The Labor Department said Thursday that new claims for state unemployment benefits dropped by 9,000 to 202,000 in the week ended March 28, from the prior week’s revised level of 211,000. The four-week moving average, which smooths out weekly volatility and is often seen as a better guide to labor-market conditions, fell by 3,000 to 207,750.

That left the four-week average in roughly the bottom four percent of readings in data going back to 1967. Outside of this year’s earlier readings, claims have not been this low since January 2024.

The latest report suggests employers are still holding on to workers even amid market volatility, slower growth at the end of last year, and concern over rising fuel prices. Initial claims are widely viewed as a proxy for layoffs, and the latest figures indicate separations remain unusually limited by long-run standards.

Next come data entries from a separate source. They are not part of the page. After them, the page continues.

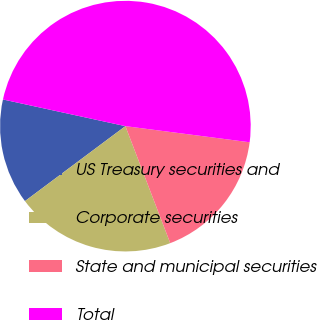<chart> <loc_0><loc_0><loc_500><loc_500><pie_chart><fcel>US Treasury securities and<fcel>Corporate securities<fcel>State and municipal securities<fcel>Total<nl><fcel>13.62%<fcel>20.62%<fcel>17.12%<fcel>48.64%<nl></chart> 
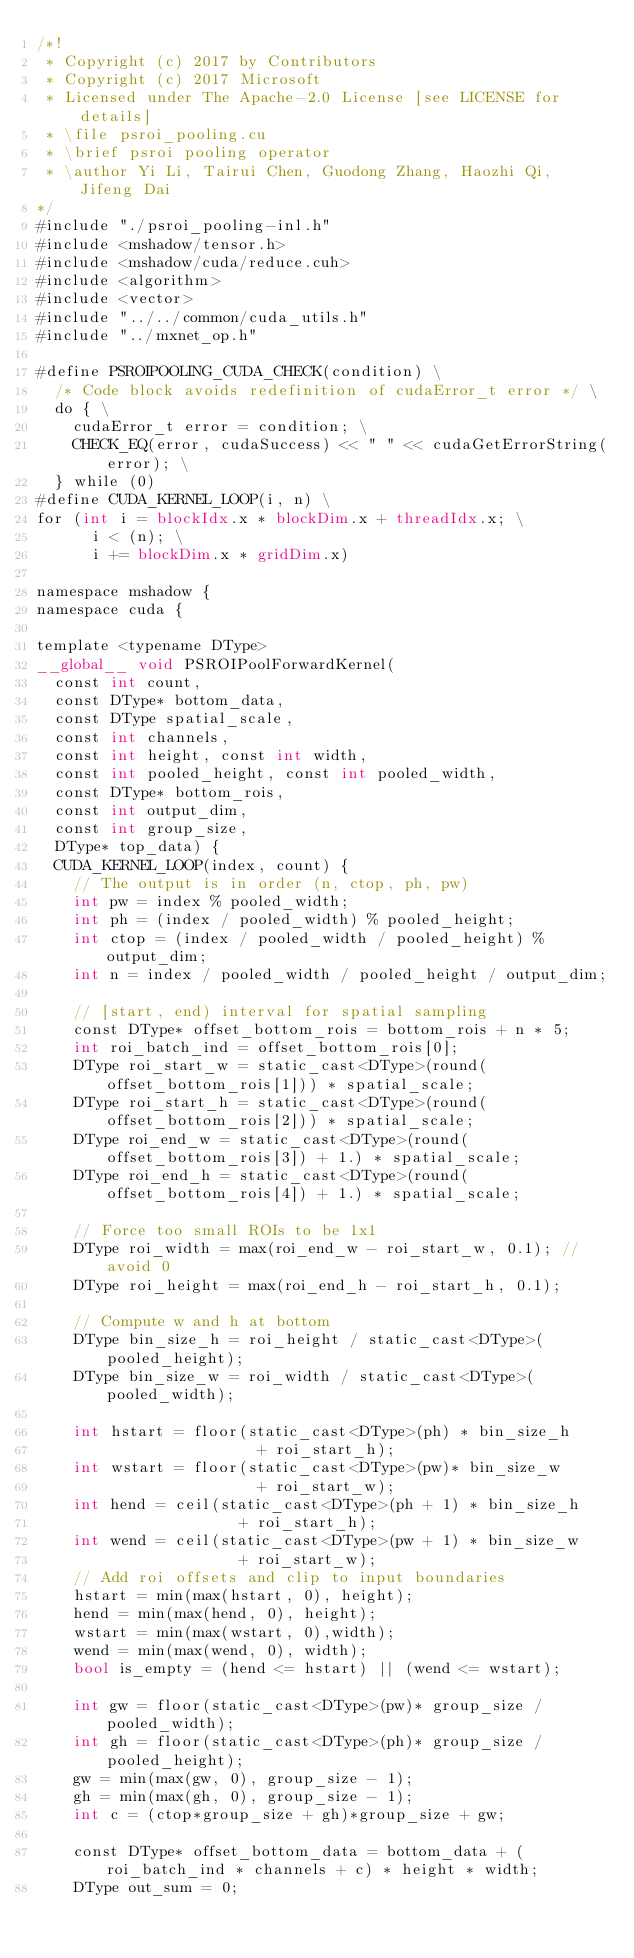<code> <loc_0><loc_0><loc_500><loc_500><_Cuda_>/*!
 * Copyright (c) 2017 by Contributors
 * Copyright (c) 2017 Microsoft
 * Licensed under The Apache-2.0 License [see LICENSE for details]
 * \file psroi_pooling.cu
 * \brief psroi pooling operator
 * \author Yi Li, Tairui Chen, Guodong Zhang, Haozhi Qi, Jifeng Dai
*/
#include "./psroi_pooling-inl.h"
#include <mshadow/tensor.h>
#include <mshadow/cuda/reduce.cuh>
#include <algorithm>
#include <vector>
#include "../../common/cuda_utils.h"
#include "../mxnet_op.h"

#define PSROIPOOLING_CUDA_CHECK(condition) \
  /* Code block avoids redefinition of cudaError_t error */ \
  do { \
    cudaError_t error = condition; \
    CHECK_EQ(error, cudaSuccess) << " " << cudaGetErrorString(error); \
  } while (0)
#define CUDA_KERNEL_LOOP(i, n) \
for (int i = blockIdx.x * blockDim.x + threadIdx.x; \
      i < (n); \
      i += blockDim.x * gridDim.x)

namespace mshadow {
namespace cuda {

template <typename DType>
__global__ void PSROIPoolForwardKernel(
  const int count,
  const DType* bottom_data,
  const DType spatial_scale,
  const int channels,
  const int height, const int width,
  const int pooled_height, const int pooled_width,
  const DType* bottom_rois,
  const int output_dim,
  const int group_size,
  DType* top_data) {
  CUDA_KERNEL_LOOP(index, count) {
    // The output is in order (n, ctop, ph, pw)
    int pw = index % pooled_width;
    int ph = (index / pooled_width) % pooled_height;
    int ctop = (index / pooled_width / pooled_height) % output_dim;
    int n = index / pooled_width / pooled_height / output_dim;

    // [start, end) interval for spatial sampling
    const DType* offset_bottom_rois = bottom_rois + n * 5;
    int roi_batch_ind = offset_bottom_rois[0];
    DType roi_start_w = static_cast<DType>(round(offset_bottom_rois[1])) * spatial_scale;
    DType roi_start_h = static_cast<DType>(round(offset_bottom_rois[2])) * spatial_scale;
    DType roi_end_w = static_cast<DType>(round(offset_bottom_rois[3]) + 1.) * spatial_scale;
    DType roi_end_h = static_cast<DType>(round(offset_bottom_rois[4]) + 1.) * spatial_scale;

    // Force too small ROIs to be 1x1
    DType roi_width = max(roi_end_w - roi_start_w, 0.1); //avoid 0
    DType roi_height = max(roi_end_h - roi_start_h, 0.1);

    // Compute w and h at bottom
    DType bin_size_h = roi_height / static_cast<DType>(pooled_height);
    DType bin_size_w = roi_width / static_cast<DType>(pooled_width);

    int hstart = floor(static_cast<DType>(ph) * bin_size_h
                        + roi_start_h);
    int wstart = floor(static_cast<DType>(pw)* bin_size_w
                        + roi_start_w);
    int hend = ceil(static_cast<DType>(ph + 1) * bin_size_h
                      + roi_start_h);
    int wend = ceil(static_cast<DType>(pw + 1) * bin_size_w
                      + roi_start_w);
    // Add roi offsets and clip to input boundaries
    hstart = min(max(hstart, 0), height);
    hend = min(max(hend, 0), height);
    wstart = min(max(wstart, 0),width);
    wend = min(max(wend, 0), width);
    bool is_empty = (hend <= hstart) || (wend <= wstart);

    int gw = floor(static_cast<DType>(pw)* group_size / pooled_width);
    int gh = floor(static_cast<DType>(ph)* group_size / pooled_height);
    gw = min(max(gw, 0), group_size - 1);
    gh = min(max(gh, 0), group_size - 1);
    int c = (ctop*group_size + gh)*group_size + gw;

    const DType* offset_bottom_data = bottom_data + (roi_batch_ind * channels + c) * height * width;
    DType out_sum = 0;</code> 
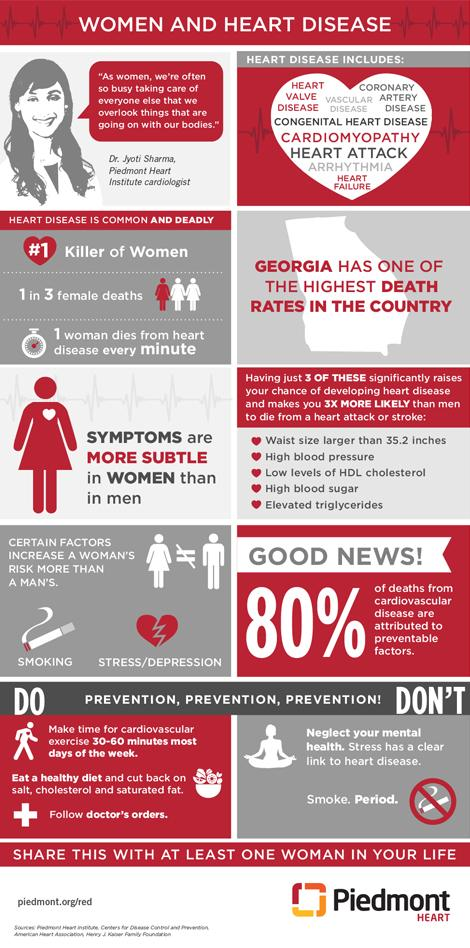Identify some key points in this picture. Heart disease, specifically heart attacks, is the most common form of heart disease. 
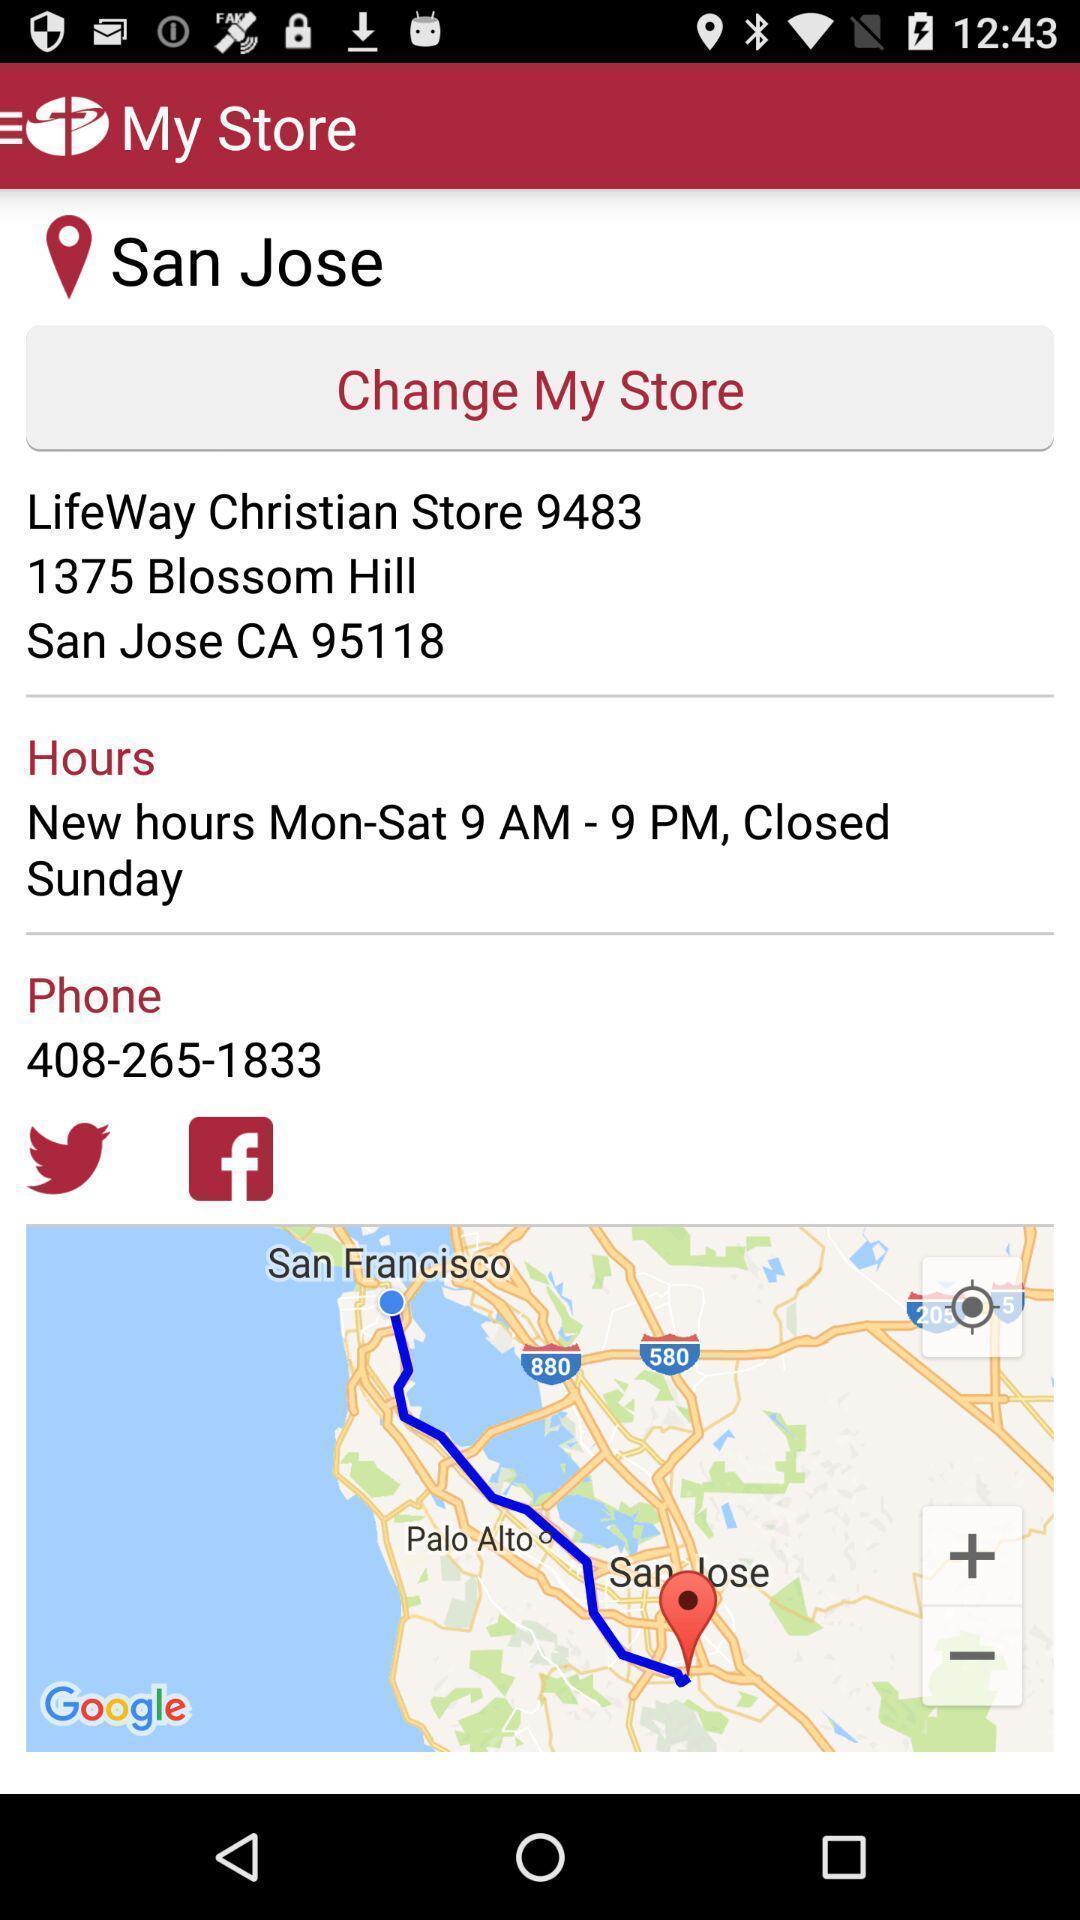Summarize the information in this screenshot. Route map of a place and details in mapping app. 
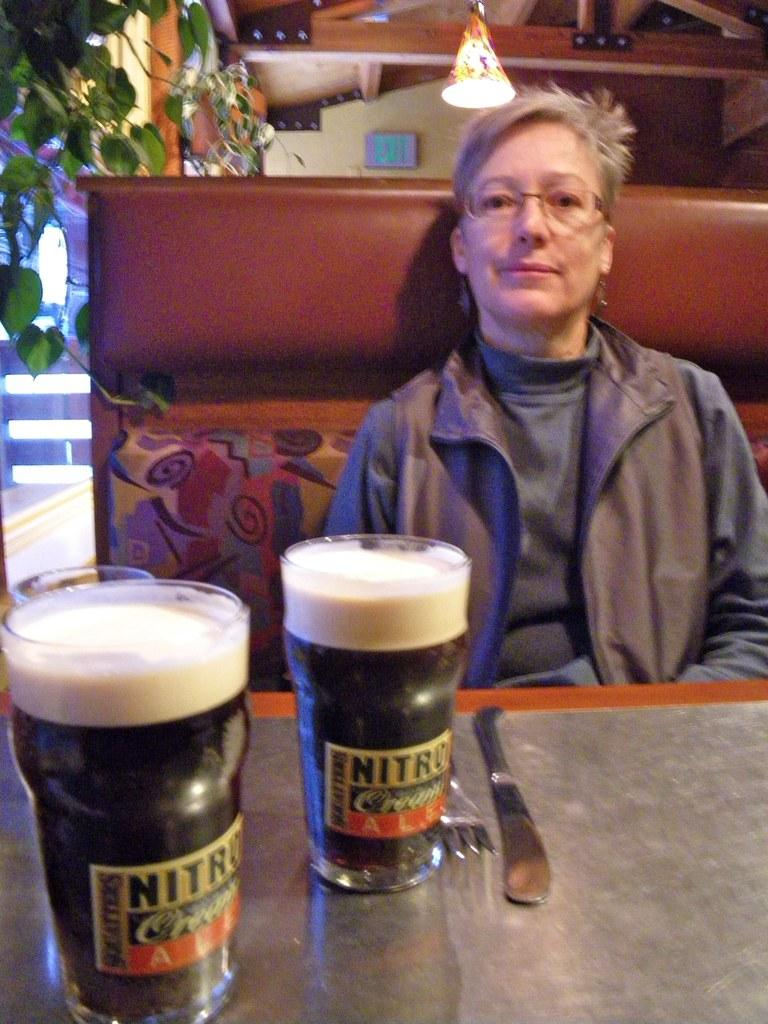Provide a one-sentence caption for the provided image. A person sitting in front of two points of dark beer with the words nitro on the glasses. 
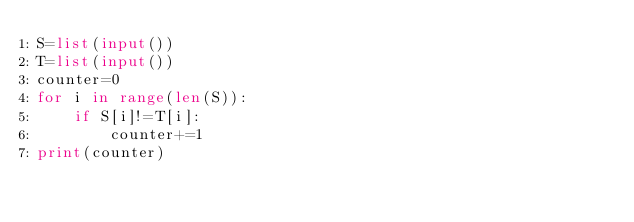<code> <loc_0><loc_0><loc_500><loc_500><_Python_>S=list(input())
T=list(input())
counter=0
for i in range(len(S)):
    if S[i]!=T[i]:
        counter+=1
print(counter)</code>

Continuing claims told a slightly more mixed story. The number of Americans already receiving unemployment benefits rose by 25,000 to 1.841 million in the week ended March 21. But the four-week moving average for insured unemployment fell by 7,500 to 1.83875 million, the lowest level since September 28, 2024. The insured unemployment rate held at 1.2 percent.

The unadjusted data also pointed to a firm labor market. Actual initial claims, before seasonal adjustment, fell by 1,932 to 184,845, even though seasonal factors had anticipated an increase. There were 200,081 unadjusted initial claims in the comparable week a year earlier.